Fixing tmux Socket Issues

Repair tmux socket connection errors without killing your running sessions.

What This Skill Does

  • Diagnoses tmux socket connection failures
  • Recreates missing socket directories
  • Signals tmux server to recreate socket files
  • Verifies manual save/restore functionality
  • Preserves all running sessions and processes

When to Use This Skill

Symptoms:

  • Error: error connecting to /private/tmp/tmux-UID/default (No such file or directory)
  • tmux list-sessions fails but you're inside a working tmux session
  • $TMUX environment variable is set but socket file doesn't exist
  • tmux-resurrect manual save fails but automatic saves may appear to work

Common causes:

  • System /tmp directory cleanup
  • System updates or reboots
  • Manual deletion of temp directories

How tmux Sockets Work

tmux uses a UNIX domain socket for client-server communication. The socket path format is:

/private/tmp/tmux-UID/default

Where UID is your user ID (e.g., 504).

Why sessions survive socket deletion:

  • The tmux server process keeps the socket open as a file descriptor
  • Existing connections continue to work
  • New connections fail because the filesystem path is gone
  • The server is alive but unreachable by new clients

Prerequisites

  1. Active tmux session - You must be inside a running tmux session
  2. Shell access - Ability to run commands (inside or outside tmux)
  3. Permissions - Ability to create directories in /private/tmp or /tmp

Diagnosis Steps

Step 1: Verify the Problem

Check if you're in tmux but the socket is missing:

# Check if TMUX is set (confirms you're in a session)
echo $TMUX
# Example output: /private/tmp/tmux-504/default,1632,1

# Try to list sessions (will fail if socket is missing)
tmux list-sessions
# Expected error: error connecting to /private/tmp/tmux-504/default (No such file or directory)

# Verify socket directory doesn't exist
ls -la /private/tmp/tmux-*/
# Expected error: No such file or directory

If all three conditions are true (TMUX set, list-sessions fails, directory missing), proceed with the fix.

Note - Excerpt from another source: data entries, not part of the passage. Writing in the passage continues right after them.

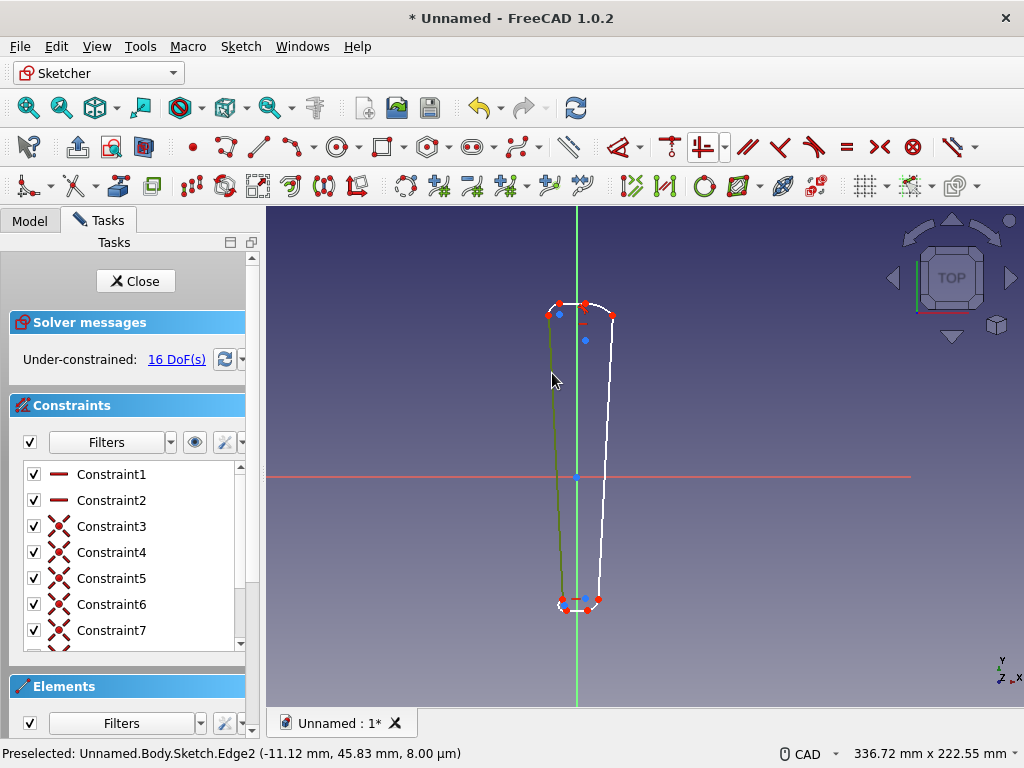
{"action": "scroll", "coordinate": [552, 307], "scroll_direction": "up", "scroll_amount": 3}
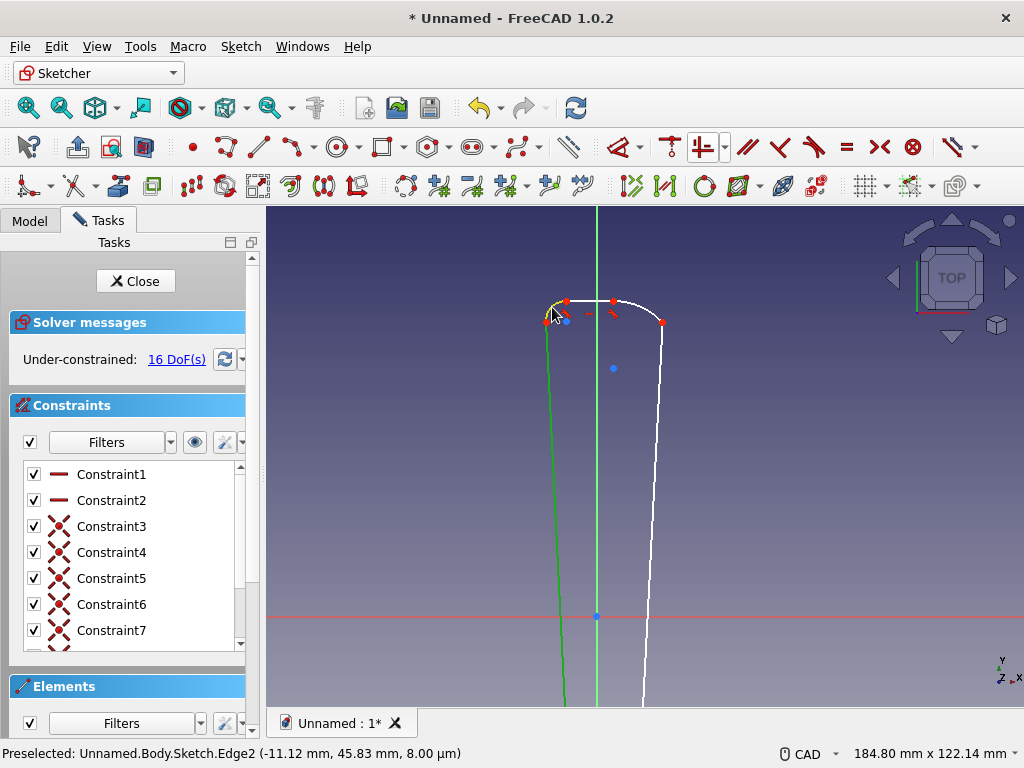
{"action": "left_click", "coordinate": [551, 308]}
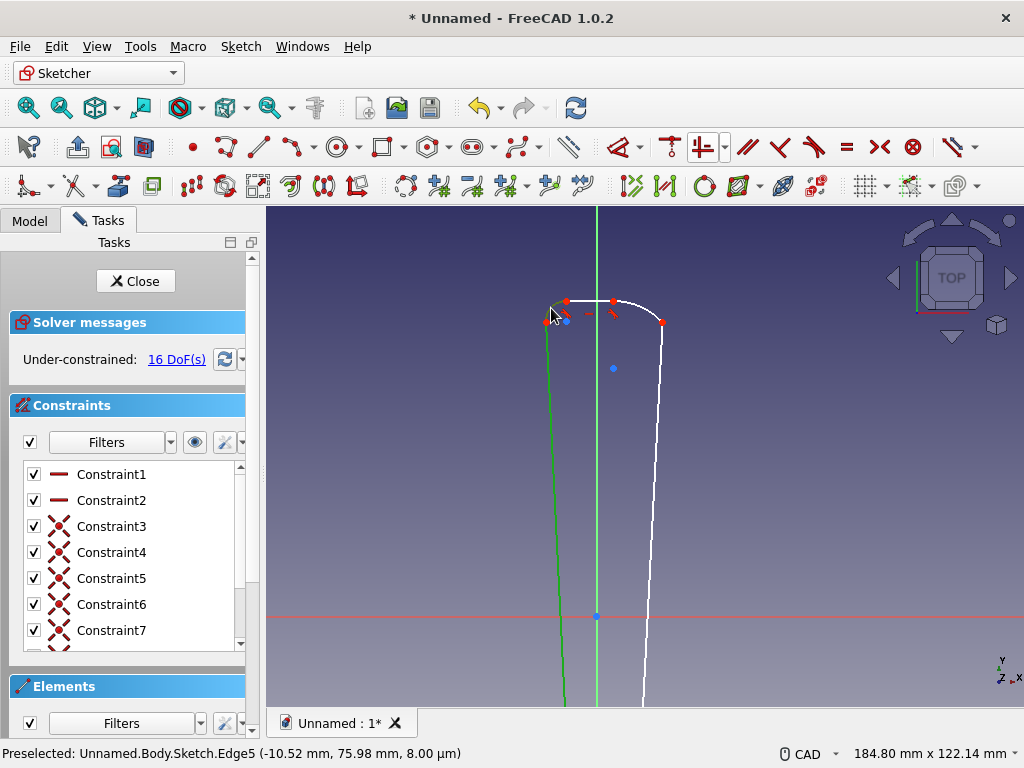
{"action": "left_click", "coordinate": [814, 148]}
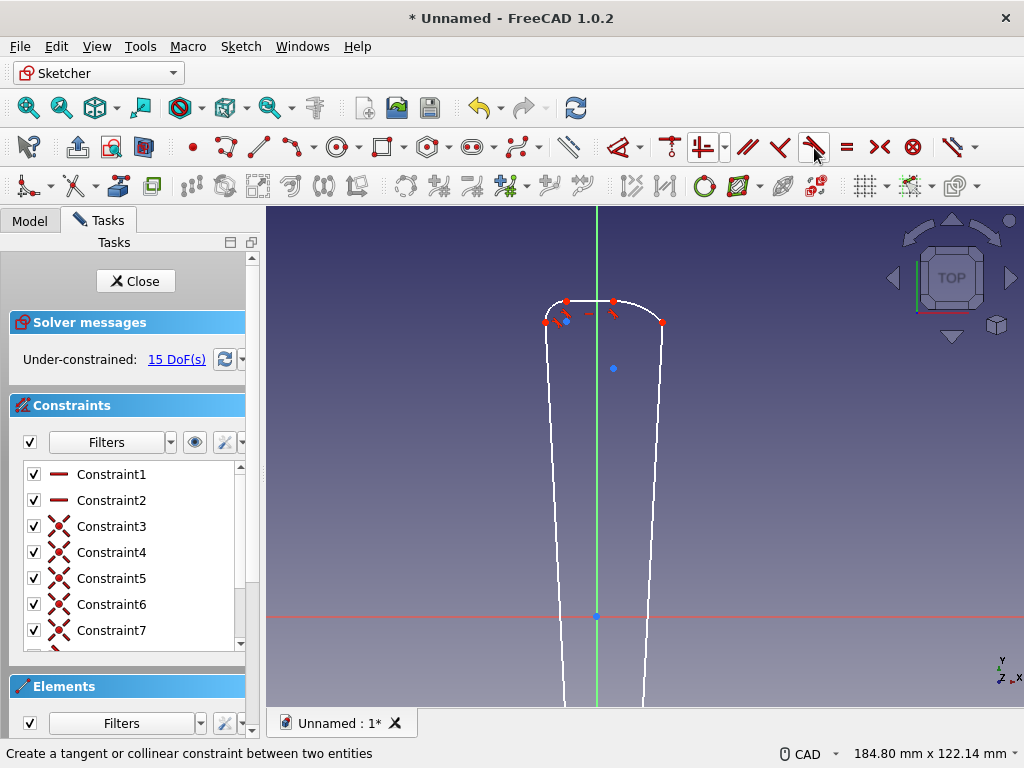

Step 2: Check Last Successful Save

Verify when tmux-resurrect last successfully saved:

ls -lh ~/.tmux/resurrect/last
stat ~/.tmux/resurrect/last

Note the timestamp. If it's old (before the socket disappeared), automatic saves are likely also failing.

Repair Steps

Step 1: Recreate Socket Directory

Extract the socket directory path from $TMUX:

# Show full TMUX path
echo $TMUX
# Example: /private/tmp/tmux-504/default,1632,1

# The directory is everything before '/default'
# For example: /private/tmp/tmux-504

Create the directory with correct permissions:

# Replace '504' with your actual UID from $TMUX
mkdir -p /private/tmp/tmux-504
chmod 700 /private/tmp/tmux-504

Permission requirements:

  • Directory must be owned by your user
  • Permissions must be 700 (drwx------) for security

Step 2: Find tmux Server PID

The tmux server is the oldest tmux process:

# List all tmux processes
ps aux | grep tmux | grep -v grep

Look for the process with:

  • Oldest start time
  • Command tmux (not tmux attach)
  • Usually the lowest PID

Example output:

jonathan  1632  1.1  0.0 435326336  5184  ??  Ss  1Nov25  102:36.11 tmux
jonathan 22779  0.0  0.0 435309312   624 s077 S+  1Nov25    0:00.05 tmux attach -t 3

In this example, PID 1632 is the server (started Nov 25, command is just tmux).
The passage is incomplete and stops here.